É praticamente consenso no Comitê de Gestão da Saúde, criado para sanar a crise no setor, que a solução passará pela viabilização de recursos novos e não pela transferência de verbas que seriam originalmente aplicadas em outras políticas públicas. Equipe econômica do governo, prefeitos e deputados se debruçaram sobre os números do Estado na tarde desta segunda-feira (5) e tiraram algumas propostas que ainda serão aperfeiçoadas. Uma delas é que se aumente a taxação do diesel em Mato Grosso, cuja arrecadação extra será totalmente convertida para a saúde.

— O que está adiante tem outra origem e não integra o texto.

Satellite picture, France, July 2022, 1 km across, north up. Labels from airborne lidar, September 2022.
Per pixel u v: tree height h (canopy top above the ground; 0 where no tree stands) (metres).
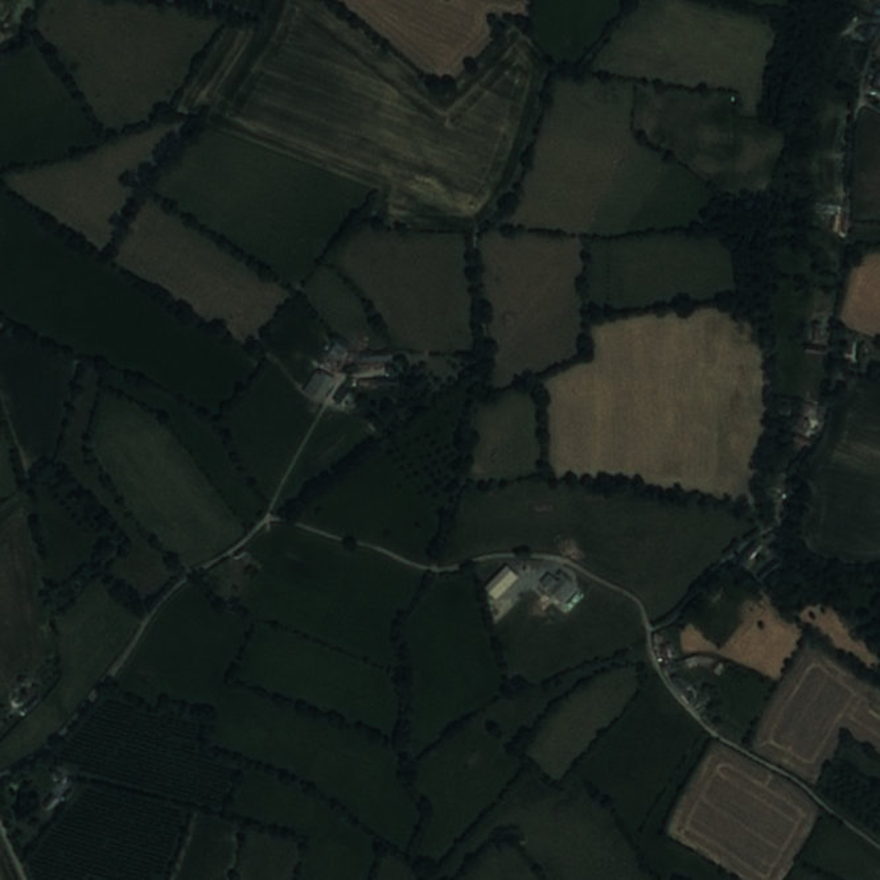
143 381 18
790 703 0
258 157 0
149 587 0
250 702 0
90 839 6
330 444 0
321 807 0
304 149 0
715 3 8
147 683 0
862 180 0
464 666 0
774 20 10
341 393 0
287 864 0
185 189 0
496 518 0
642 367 0
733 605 0
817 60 9
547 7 0
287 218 0
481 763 0
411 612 7
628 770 0
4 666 0
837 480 0
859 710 0
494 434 0
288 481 0
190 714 13
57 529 0
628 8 14
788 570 13
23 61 0
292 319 0
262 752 0
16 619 0
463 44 0
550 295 0
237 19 17
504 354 0
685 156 0
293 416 0
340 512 0
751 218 18
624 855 0
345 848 0
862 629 13
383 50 9
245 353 8
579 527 0
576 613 0
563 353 0
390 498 0
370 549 0
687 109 0
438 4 0
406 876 0
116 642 0
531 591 0
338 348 0
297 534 0
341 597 0
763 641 0
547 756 0
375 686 0
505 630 0
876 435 0
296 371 0
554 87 12
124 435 0
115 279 0
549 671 0
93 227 0
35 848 13
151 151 0
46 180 0
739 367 0
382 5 0
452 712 0
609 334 0
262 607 0
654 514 0
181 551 0
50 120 0
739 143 0
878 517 0
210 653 0
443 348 0
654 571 0
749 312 24
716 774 0
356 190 0
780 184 0
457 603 0
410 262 0
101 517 19
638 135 10
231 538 0
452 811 0
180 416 0
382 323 17
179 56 0
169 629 0
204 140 11
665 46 0
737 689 0
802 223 18
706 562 0
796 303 0
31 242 0
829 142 0
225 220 0
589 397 0
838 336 10
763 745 0
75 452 0
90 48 0
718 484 0
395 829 0
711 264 0
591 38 0
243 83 0
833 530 0
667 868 0
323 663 0
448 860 8
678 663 0
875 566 11
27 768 16
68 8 0
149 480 0
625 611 0
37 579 0
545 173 0
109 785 10
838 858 0
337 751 0
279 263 0
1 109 0
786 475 7
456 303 0
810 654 0
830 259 0
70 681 0
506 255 0
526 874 0
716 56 0
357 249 0
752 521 7
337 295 0
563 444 0
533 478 7
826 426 6
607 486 17
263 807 0
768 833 0
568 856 0
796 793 0
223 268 0
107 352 0
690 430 0
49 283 0
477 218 0
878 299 0
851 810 6
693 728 0
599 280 0
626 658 8
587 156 0
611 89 0
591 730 0
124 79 0
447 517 18
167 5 23
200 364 0
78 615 0
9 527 0
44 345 15
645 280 0
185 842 8
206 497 0
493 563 0
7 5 0
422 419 13
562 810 0
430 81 9
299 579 0
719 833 0
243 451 0
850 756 0
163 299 16
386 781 0
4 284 0
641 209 0
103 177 0
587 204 0
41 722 0
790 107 14
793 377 0
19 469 12
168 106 14
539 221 0
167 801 8
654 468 0
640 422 0
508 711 0
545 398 17
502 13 0
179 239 0
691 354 0
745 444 0

Outras propostas levantadas foram sobre a taxação de usinas e a ativação da Loteria do Estado de Mato Grosso (Lemat). O secretário de Fazenda Gustavo Oliveira ficou incumbido de trazer para a próxima reunião do comitê números concretos sobre os impactos que as propostas aventadas trariam, tanto para o contribuinte quanto para o aumento da capacidade de investimento na Saúde do Estado.

“Os prefeitos apresentaram algumas propostas, nós vamos estudar as propostas para ver quais delas tem viabilidade econômica e política, mas na verdade a reunião tratou mais foi de um rearranjo no sistema de saúde”, explicou Oliveira. “Nós ficamos de apresentar uma radiografia completa de quais são as cargas, porque a alíquota não é carga, é o que a gente sempre fala. Não adianta olhar só a alíquota, tem que olhar a carga tributária final em cima de cada segmento”, completou.

Para o presidente da Associação Mato-grossense dos Municípios, Neurilan Fraga, a utilização do Fethab como ajuda emergencial para a saúde já está descartada. “O secretário de Fazenda e a equipe econômica do governo ficou de nos próximos dias nos apresentar essa saída financeira”, argumentou. “O que está se propondo é uma fonte de recursos novos que entraram no caixa do governo do estado e consequentemente resolveria o problema imediato da saúde como também a médio e longo prazo”, completou.

A prefeita de Sinop, Rosana Martinelli (PR), membro do comitê, afirmou que vê com reservas a proposta de aumentar a taxação do diesel, prevendo um aumento em cadeia dos produtos consumidos no estado e também no caixa das prefeituras. “O principal consumido do diesel do estado são as prefeituras e nós vamos estar pagando diretamente isso”, argumentou. “A partir do momento que você aumenta o diesel, você aumenta o custo de tudo”, completou.

Renúncia fiscal

Também entrou em pauta a revisão da política de renúncia fiscal do governo. “O que foi colocado e nós não concordamos é que dê novamente às empresas que deram 10 anos de incentivo, prorrogar por mais 10 anos. Essa empresa já teve o benefício, nós temos que dar oportunidade para outras. Se com dez anos a empresa recebendo esse incentivo ela não se viabilizou, dificilmente ela se viabilizará”, sustenta a prefeita.

O secretário José Adolpho, da Casa Civil, destacou o esforço do governo de buscar ouvir os prefeitos para solucionar o problema. “Os municípios são e serão sempre ouvidos. O presidente Neurilan tem as portas abertas, meu gabinete está de portas abertas para ele”, sustentou. A proposta para a solução da crise a ser apontada pelo governo, segundo Adolpho, é de uma contribuição melhor distribuída para todos os cidadãos com valor ínfimo, praticamente sem muito impacto para a sociedade, mas que ajude o caixa do governo.